Mr Perry claimed that his former solicitors (who had acted for him on a personal injury claim arising out of ‘vibration white finger) had negligently failed to advise him that he could claim an additional amount as compensation for no longer being able to carry out various tasks around the home. He therefore ‘lost the chance’ to recover any amount in respect of that element of his claim.
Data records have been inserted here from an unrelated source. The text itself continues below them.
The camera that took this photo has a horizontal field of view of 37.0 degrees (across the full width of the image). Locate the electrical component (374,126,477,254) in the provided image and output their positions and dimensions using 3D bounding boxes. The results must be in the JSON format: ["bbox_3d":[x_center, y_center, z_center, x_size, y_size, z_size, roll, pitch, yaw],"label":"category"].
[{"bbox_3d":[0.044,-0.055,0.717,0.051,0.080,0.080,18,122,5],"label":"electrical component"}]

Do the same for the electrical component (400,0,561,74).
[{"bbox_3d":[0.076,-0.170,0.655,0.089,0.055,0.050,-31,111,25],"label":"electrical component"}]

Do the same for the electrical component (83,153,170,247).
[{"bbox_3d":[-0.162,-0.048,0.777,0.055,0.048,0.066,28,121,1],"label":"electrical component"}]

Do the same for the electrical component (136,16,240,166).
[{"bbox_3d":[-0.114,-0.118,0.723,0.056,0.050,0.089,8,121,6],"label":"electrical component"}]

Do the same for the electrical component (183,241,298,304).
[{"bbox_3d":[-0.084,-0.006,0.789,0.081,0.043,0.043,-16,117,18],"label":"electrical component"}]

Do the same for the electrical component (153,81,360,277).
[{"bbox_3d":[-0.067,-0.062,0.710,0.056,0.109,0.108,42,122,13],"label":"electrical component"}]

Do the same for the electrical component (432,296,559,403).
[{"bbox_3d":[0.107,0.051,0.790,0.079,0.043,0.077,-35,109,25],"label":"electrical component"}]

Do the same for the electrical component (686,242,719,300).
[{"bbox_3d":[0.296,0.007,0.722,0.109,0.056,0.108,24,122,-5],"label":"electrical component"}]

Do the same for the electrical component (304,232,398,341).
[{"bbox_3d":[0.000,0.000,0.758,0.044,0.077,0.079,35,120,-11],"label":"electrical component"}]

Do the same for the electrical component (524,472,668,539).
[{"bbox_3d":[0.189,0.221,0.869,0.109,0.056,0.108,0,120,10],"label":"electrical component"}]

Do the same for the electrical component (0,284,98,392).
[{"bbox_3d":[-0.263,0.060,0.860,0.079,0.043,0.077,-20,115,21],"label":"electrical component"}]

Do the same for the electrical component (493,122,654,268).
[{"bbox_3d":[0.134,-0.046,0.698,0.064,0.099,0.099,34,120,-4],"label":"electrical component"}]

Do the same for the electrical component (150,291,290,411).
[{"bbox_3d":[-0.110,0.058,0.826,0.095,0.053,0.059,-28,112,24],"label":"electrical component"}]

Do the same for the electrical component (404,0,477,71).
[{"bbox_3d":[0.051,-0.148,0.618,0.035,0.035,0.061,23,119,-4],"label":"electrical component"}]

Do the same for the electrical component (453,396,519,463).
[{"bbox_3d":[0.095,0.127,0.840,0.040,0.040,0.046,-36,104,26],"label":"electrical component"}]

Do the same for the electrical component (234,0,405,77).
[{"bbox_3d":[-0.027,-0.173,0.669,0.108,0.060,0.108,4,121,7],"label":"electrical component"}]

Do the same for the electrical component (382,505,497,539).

In claims like this – where the claimant has lost the chance to pursue/win a previous claim due to the negligence of their lawyers – the general principle is clear: the court is not required to conduct a ‘trial within a trial’ and make a decision on whether the original claim would have succeeded or failed. Instead, they apply this formula: value of original claim x % chance of original claim = value of professional negligence claim against the lawyers. But that does not mean that every aspect of a loss of a chance claim must be decided on this basis. Since the Allied Maples decision in 1995, the rule has been:

  • When deciding what the claimant would have done, had the defendant not been negligent, the court makes a finding ‘on balance of probabilities’
  • But when deciding what a third party (such as a hypothetical judge) would have done or decided, had the defendant not been negligent, the test is ‘loss of a chance’.
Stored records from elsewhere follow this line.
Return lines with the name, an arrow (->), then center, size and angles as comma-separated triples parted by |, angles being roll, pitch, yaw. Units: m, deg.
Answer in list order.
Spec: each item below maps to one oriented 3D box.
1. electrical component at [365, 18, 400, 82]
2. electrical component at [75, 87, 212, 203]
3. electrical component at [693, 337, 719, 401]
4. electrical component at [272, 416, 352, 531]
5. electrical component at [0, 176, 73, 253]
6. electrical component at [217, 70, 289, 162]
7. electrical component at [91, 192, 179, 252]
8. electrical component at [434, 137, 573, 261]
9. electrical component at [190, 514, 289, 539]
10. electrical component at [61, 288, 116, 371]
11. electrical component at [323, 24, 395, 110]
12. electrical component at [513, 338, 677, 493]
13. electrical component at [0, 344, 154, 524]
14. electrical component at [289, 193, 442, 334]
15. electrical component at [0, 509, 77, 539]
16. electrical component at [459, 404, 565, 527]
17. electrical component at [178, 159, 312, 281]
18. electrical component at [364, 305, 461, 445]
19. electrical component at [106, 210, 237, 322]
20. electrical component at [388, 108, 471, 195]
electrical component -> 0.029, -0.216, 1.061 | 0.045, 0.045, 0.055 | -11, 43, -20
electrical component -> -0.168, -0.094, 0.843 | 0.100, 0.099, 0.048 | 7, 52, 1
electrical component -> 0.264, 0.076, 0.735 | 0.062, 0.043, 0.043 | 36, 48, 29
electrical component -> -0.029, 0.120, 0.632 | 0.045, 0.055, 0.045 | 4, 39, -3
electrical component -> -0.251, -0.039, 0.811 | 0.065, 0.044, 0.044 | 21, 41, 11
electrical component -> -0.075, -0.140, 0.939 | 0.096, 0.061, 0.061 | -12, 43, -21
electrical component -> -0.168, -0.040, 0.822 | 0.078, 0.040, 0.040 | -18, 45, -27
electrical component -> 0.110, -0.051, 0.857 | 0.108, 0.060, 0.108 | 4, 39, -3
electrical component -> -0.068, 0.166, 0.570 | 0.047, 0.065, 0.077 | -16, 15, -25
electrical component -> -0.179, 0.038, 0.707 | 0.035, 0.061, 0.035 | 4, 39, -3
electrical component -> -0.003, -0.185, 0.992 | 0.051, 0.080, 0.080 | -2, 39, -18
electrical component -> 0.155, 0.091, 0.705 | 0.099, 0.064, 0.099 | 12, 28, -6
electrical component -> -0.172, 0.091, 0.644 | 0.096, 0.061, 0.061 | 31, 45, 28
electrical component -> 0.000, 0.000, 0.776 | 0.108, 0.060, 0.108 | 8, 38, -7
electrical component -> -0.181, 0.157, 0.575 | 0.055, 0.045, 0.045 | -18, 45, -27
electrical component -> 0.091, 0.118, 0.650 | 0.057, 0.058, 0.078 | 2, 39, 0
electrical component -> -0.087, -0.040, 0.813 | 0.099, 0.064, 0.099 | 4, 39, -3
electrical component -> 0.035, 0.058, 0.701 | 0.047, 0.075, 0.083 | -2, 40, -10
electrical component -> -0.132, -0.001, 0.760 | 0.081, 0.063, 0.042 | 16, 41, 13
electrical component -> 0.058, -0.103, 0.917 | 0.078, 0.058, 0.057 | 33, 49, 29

So in Perry v Raleys, the Supreme Court found that it had been perfectly proper for the County Court to have come to a decision about whether, on balance of probabilities, Mr Perry would have pursued an honest claim for loss of the ability to perform domestic tasks, had he been properly advised. The County Court had found – and the Supreme Court have now agreed – that on balance of probabilities, Mr Perry would not have pursued such a claim. The reason being that, in fact, Mr Perry had not lost the ability to carry out most of those tasks, and/or any impairment which he had suffered was not the result of the vibration white finger, but in fact the result of an unrelated injury.

Loss of a chance claims against lawyers tend to benefit claimants whose original claims were weak; even if they would probably have lost their original claim, they can nevertheless succeed against their negligent solicitors, so long as they can show that their original claim had at least a real and not just a fanciful chance of succeeding. Today’s decision reaffirms the limits of the application of the loss of a chance formula, and is also a good example of the limits of the tendency of such claims to favour a claimant whose original claim was weak.